- **WORK REQUIRED**
Using the data that follows, return exactly the lines from the one that contains "1) ink cartridge box (0,175,259,479)" through the one that contains "3) dollhouse furniture set (0,0,126,126)", ends included.

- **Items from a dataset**
──────────────────────────────

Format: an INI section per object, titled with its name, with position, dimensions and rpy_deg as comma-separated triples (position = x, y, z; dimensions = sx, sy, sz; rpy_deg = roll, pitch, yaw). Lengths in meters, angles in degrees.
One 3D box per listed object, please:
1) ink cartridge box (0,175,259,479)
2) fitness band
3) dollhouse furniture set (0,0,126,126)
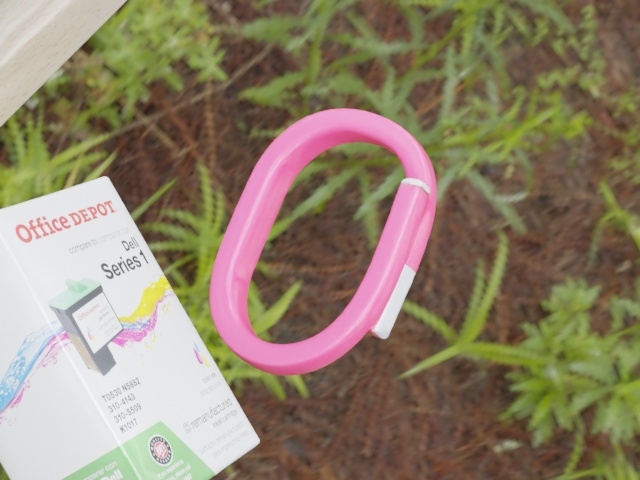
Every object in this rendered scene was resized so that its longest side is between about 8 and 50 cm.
[ink cartridge box]
position = -0.199, 0.101, 1.447
dimensions = 0.278, 0.117, 0.201
rpy_deg = 60, 24, 2
[fitness band]
position = 0.000, 0.000, 1.739
dimensions = 0.054, 0.209, 0.290
rpy_deg = 44, 65, -54
[dollhouse furniture set]
position = -0.228, -0.213, 0.679
dimensions = 0.174, 0.303, 0.355
rpy_deg = -55, 130, -47

──────────────────────────────

- **SOLUTION TO THE PROBLEM**
1) ink cartridge box (0,175,259,479)
2) fitness band
3) dollhouse furniture set (0,0,126,126)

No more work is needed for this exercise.